Start at the first record below and retype through the last, exactly.
___ Given records
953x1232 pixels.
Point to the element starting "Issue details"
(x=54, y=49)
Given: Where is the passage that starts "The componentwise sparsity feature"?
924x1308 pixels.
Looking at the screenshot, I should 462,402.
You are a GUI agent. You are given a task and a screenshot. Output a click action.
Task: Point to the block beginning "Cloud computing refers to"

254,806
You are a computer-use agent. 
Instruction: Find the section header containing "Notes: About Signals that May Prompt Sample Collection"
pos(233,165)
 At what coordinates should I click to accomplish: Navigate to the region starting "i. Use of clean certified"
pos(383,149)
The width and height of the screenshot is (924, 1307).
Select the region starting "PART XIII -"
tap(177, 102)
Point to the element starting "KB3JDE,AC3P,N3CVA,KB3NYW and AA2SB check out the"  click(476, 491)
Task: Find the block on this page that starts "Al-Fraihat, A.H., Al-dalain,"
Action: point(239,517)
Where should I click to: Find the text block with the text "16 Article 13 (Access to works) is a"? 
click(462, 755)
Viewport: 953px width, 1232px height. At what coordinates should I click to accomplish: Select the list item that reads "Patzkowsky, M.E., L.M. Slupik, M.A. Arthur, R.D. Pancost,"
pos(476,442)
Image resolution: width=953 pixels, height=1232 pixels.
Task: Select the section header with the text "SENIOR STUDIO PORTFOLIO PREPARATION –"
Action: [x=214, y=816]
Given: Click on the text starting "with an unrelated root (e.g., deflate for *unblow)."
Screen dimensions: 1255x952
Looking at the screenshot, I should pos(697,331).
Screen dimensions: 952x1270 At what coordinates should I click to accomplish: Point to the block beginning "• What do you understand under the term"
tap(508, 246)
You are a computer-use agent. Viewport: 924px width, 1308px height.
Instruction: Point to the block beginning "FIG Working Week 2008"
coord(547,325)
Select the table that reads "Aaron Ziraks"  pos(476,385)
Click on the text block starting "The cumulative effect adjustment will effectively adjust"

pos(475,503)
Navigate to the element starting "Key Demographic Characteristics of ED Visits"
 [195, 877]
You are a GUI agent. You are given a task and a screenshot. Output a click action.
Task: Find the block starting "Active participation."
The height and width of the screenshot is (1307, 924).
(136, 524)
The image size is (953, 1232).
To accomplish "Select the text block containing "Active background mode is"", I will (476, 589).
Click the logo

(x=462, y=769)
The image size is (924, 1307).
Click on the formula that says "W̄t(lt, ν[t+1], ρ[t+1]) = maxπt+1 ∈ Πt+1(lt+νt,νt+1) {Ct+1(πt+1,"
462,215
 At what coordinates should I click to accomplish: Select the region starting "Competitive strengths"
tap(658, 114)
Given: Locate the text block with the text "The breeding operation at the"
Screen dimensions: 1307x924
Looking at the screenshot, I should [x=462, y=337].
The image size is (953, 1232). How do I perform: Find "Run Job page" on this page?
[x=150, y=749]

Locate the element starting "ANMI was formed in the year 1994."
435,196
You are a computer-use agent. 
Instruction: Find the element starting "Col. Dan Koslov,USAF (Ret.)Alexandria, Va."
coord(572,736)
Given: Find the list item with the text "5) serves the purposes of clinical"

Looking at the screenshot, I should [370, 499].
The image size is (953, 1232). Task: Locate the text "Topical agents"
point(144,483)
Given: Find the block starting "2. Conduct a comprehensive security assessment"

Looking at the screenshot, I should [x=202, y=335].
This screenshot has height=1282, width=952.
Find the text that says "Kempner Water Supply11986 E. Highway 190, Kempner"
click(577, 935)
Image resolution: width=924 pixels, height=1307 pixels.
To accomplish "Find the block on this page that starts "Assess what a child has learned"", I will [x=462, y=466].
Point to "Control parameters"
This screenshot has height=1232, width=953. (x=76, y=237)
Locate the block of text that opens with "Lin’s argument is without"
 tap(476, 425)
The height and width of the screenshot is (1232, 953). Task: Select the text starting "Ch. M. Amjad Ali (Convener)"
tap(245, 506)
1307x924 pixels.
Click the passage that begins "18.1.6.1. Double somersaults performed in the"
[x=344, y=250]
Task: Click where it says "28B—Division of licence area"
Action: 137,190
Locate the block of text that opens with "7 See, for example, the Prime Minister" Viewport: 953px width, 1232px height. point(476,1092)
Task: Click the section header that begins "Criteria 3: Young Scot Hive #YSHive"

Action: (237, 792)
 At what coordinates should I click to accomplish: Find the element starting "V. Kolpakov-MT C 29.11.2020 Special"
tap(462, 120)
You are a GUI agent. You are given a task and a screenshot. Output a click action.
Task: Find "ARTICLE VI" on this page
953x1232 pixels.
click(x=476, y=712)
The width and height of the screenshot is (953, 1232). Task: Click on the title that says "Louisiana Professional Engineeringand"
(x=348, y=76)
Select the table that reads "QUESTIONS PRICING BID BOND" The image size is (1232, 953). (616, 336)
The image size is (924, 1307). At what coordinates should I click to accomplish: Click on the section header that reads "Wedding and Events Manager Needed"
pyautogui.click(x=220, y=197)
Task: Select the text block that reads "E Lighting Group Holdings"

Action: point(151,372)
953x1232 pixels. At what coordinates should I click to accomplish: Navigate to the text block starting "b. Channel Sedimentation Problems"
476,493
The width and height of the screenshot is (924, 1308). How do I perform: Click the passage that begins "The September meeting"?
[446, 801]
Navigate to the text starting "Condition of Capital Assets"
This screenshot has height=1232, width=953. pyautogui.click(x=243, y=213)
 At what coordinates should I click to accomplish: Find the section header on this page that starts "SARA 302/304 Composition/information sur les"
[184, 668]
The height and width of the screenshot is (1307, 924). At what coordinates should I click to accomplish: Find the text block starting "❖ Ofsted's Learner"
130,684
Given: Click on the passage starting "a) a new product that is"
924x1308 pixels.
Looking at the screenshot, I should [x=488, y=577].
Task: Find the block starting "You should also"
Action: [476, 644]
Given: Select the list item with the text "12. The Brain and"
______
Response box:
953x1232 pixels.
Point to the element starting "Issue details"
(x=54, y=49)
Given: Where is the passage that starts "The componentwise sparsity feature"?
924x1308 pixels.
Looking at the screenshot, I should 462,402.
You are a GUI agent. You are given a task and a screenshot. Output a click action.
Task: Point to the block beginning "Cloud computing refers to"

254,806
You are a computer-use agent. 
Instruction: Find the section header containing "Notes: About Signals that May Prompt Sample Collection"
pos(233,165)
 At what coordinates should I click to accomplish: Navigate to the region starting "i. Use of clean certified"
pos(383,149)
The width and height of the screenshot is (924, 1307).
Select the region starting "PART XIII -"
tap(177, 102)
Point to the element starting "KB3JDE,AC3P,N3CVA,KB3NYW and AA2SB check out the"  click(476, 491)
Task: Find the block on this page that starts "Al-Fraihat, A.H., Al-dalain,"
Action: point(239,517)
Where should I click to: Find the text block with the text "16 Article 13 (Access to works) is a"? 
click(462, 755)
Viewport: 953px width, 1232px height. At what coordinates should I click to accomplish: Select the list item that reads "Patzkowsky, M.E., L.M. Slupik, M.A. Arthur, R.D. Pancost,"
pos(476,442)
Image resolution: width=953 pixels, height=1232 pixels.
Task: Select the section header with the text "SENIOR STUDIO PORTFOLIO PREPARATION –"
Action: [x=214, y=816]
Given: Click on the text starting "with an unrelated root (e.g., deflate for *unblow)."
Screen dimensions: 1255x952
Looking at the screenshot, I should pos(697,331).
Screen dimensions: 952x1270 At what coordinates should I click to accomplish: Point to the block beginning "• What do you understand under the term"
tap(508, 246)
You are a computer-use agent. Viewport: 924px width, 1308px height.
Instruction: Point to the block beginning "FIG Working Week 2008"
coord(547,325)
Select the table that reads "Aaron Ziraks"  pos(476,385)
Click on the text block starting "The cumulative effect adjustment will effectively adjust"

pos(475,503)
Navigate to the element starting "Key Demographic Characteristics of ED Visits"
 [195, 877]
You are a GUI agent. You are given a task and a screenshot. Output a click action.
Task: Find the block starting "Active participation."
The height and width of the screenshot is (1307, 924).
(136, 524)
The image size is (953, 1232).
To accomplish "Select the text block containing "Active background mode is"", I will (476, 589).
Click the logo

(x=462, y=769)
The image size is (924, 1307).
Click on the formula that says "W̄t(lt, ν[t+1], ρ[t+1]) = maxπt+1 ∈ Πt+1(lt+νt,νt+1) {Ct+1(πt+1,"
462,215
 At what coordinates should I click to accomplish: Select the region starting "Competitive strengths"
tap(658, 114)
Given: Locate the text block with the text "The breeding operation at the"
Screen dimensions: 1307x924
Looking at the screenshot, I should [x=462, y=337].
The image size is (953, 1232). How do I perform: Find "Run Job page" on this page?
[x=150, y=749]

Locate the element starting "ANMI was formed in the year 1994."
435,196
You are a computer-use agent. 
Instruction: Find the element starting "Col. Dan Koslov,USAF (Ret.)Alexandria, Va."
coord(572,736)
Given: Find the list item with the text "5) serves the purposes of clinical"

Looking at the screenshot, I should [370, 499].
The image size is (953, 1232). Task: Locate the text "Topical agents"
point(144,483)
Given: Find the block starting "2. Conduct a comprehensive security assessment"

Looking at the screenshot, I should [x=202, y=335].
This screenshot has height=1282, width=952.
Find the text that says "Kempner Water Supply11986 E. Highway 190, Kempner"
click(577, 935)
Image resolution: width=924 pixels, height=1307 pixels.
To accomplish "Find the block on this page that starts "Assess what a child has learned"", I will [x=462, y=466].
Point to "Control parameters"
This screenshot has height=1232, width=953. (x=76, y=237)
Locate the block of text that opens with "Lin’s argument is without"
 tap(476, 425)
The height and width of the screenshot is (1232, 953). Task: Select the text starting "Ch. M. Amjad Ali (Convener)"
tap(245, 506)
1307x924 pixels.
Click the passage that begins "18.1.6.1. Double somersaults performed in the"
[x=344, y=250]
Task: Click where it says "28B—Division of licence area"
Action: 137,190
Locate the block of text that opens with "7 See, for example, the Prime Minister" Viewport: 953px width, 1232px height. point(476,1092)
Task: Click the section header that begins "Criteria 3: Young Scot Hive #YSHive"

Action: (237, 792)
 At what coordinates should I click to accomplish: Find the element starting "V. Kolpakov-MT C 29.11.2020 Special"
tap(462, 120)
You are a GUI agent. You are given a task and a screenshot. Output a click action.
Task: Find "ARTICLE VI" on this page
953x1232 pixels.
click(x=476, y=712)
The width and height of the screenshot is (953, 1232). Task: Click on the title that says "Louisiana Professional Engineeringand"
(x=348, y=76)
Select the table that reads "QUESTIONS PRICING BID BOND" The image size is (1232, 953). (616, 336)
The image size is (924, 1307). At what coordinates should I click to accomplish: Click on the section header that reads "Wedding and Events Manager Needed"
pyautogui.click(x=220, y=197)
Task: Select the text block that reads "E Lighting Group Holdings"

Action: point(151,372)
953x1232 pixels. At what coordinates should I click to accomplish: Navigate to the text block starting "b. Channel Sedimentation Problems"
476,493
The width and height of the screenshot is (924, 1308). How do I perform: Click the passage that begins "The September meeting"?
[446, 801]
Navigate to the text starting "Condition of Capital Assets"
This screenshot has height=1232, width=953. pyautogui.click(x=243, y=213)
 At what coordinates should I click to accomplish: Find the section header on this page that starts "SARA 302/304 Composition/information sur les"
[184, 668]
The height and width of the screenshot is (1307, 924). At what coordinates should I click to accomplish: Find the text block starting "❖ Ofsted's Learner"
130,684
Given: Click on the passage starting "a) a new product that is"
924x1308 pixels.
Looking at the screenshot, I should [x=488, y=577].
Task: Find the block starting "You should also"
Action: [476, 644]
Given: Select the list item with the text "12. The Brain and"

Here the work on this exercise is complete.